Private pension funds may be in more trouble than has been purported, according to a post made by Co-founder and Partner at Morgan Creek Digital, Anthony Pompliano.
Referencing the Q4 2018 quarter-over-quarter (QoQ) of private pension fund assets, which recorded its second largest loss in close to seven decades, and the largest in a decade. A significant signal that all is not well with the private pension fund. Apparently, not only the private pension funds are taking a hit, even the Japan government’s Pension Investment Fund – the largest in the world – recorded a loss of USD 136 billion, about 9.1% in the same reference quarter. Self-proclaimed global macro analyst Otavio Tavi Costa’s remark on the level of risk exposure of retirement assets calls for puzzlement, as to why these funds are still hell-bent on patronizing the equities market when other options are available.
Private pension funds reported their second largest % loss since 1950s in Q4 of 2018!
Worst quarter since 2008.
One can only imagine the level of risk retirement assets are exposed to these days. pic.twitter.com/VGCW9aXpVx
— Otavio (Tavi) Costa (@TaviCosta) April 2, 2019
According to Pompliano, the disturbing fact that “one of the most conservative capital allocators in the world… almost lost a double-digit percentage of their assets in 90 days” despite their diversified portfolio in global equities and structured in such a way as to experience “uncommon levels of volatility”. He further emphasized his point, quoting his partner Mark Yusko:
“Humans do two things really well — they buy what they should have bought and they sell what they are about to need.”
Pompliano recommends diversifying a part of pension funds to the emerging class of digital asset to offset any loss that may be triggered in the equities market in the long run. He opines: “[These institutions] need to immediately evaluate the option of gaining exposure to Bitcoin, cryptocurrencies and the blockchain industry”. His logic for this reasons stems from the premise that:
“The assets have proven to be low correlation to date and have asymmetric return profile. A simple 1% allocation has the potential to materially negate any losses that could be experienced through an equity market fall.”

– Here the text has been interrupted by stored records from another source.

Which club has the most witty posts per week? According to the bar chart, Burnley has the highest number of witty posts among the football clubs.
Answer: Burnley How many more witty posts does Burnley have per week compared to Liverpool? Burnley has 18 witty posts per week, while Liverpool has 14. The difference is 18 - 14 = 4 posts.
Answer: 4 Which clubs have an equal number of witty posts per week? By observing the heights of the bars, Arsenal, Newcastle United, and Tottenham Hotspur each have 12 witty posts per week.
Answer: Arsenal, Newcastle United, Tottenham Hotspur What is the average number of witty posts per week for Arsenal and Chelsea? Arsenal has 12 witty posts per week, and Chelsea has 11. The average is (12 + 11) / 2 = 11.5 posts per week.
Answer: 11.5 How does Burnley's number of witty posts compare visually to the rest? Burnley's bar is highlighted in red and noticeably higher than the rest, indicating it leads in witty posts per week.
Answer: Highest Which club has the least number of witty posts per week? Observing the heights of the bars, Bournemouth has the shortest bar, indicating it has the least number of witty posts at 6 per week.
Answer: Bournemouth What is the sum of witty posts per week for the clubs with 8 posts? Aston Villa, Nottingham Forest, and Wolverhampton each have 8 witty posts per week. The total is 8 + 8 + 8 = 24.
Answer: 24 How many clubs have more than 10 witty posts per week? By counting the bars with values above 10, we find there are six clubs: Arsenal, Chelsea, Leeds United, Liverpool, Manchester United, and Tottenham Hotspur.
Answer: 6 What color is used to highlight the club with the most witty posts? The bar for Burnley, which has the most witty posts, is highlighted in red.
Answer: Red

Pompliano further analyzed the investment strategy of Japan’s Pension Investment Fund revealed that if the fund had considered Morgan Creek’s #GetOffZero approach through its Digital Asset Index Fund last year, it would have seen a 45% return on the investment or an overall 0.46% improvement in portfolio performance. Further, he suggests that if things continue to play out as is, Digital Asset Index Fund may outperform the S&P 500 over the next 2-3 years.
Back in February, billionaire investor Mike Novogratz was puzzled why 1% of portfolios of all major macro fund wasn’t held in Bitcoin, and while most analysts have positioned the second half of 2019 to be the track for the next bull rally, Bitcoin, however, began a recent recovery, reaching a 5-months all-time high.
On the brighter side, millennials are forward-thinking as a recent survey revealed they don’t mind retirement plans facilitated by crypto. More so, Fairfax County Virginia is open to diversifying part of a police retirement fund into cryptocurrency.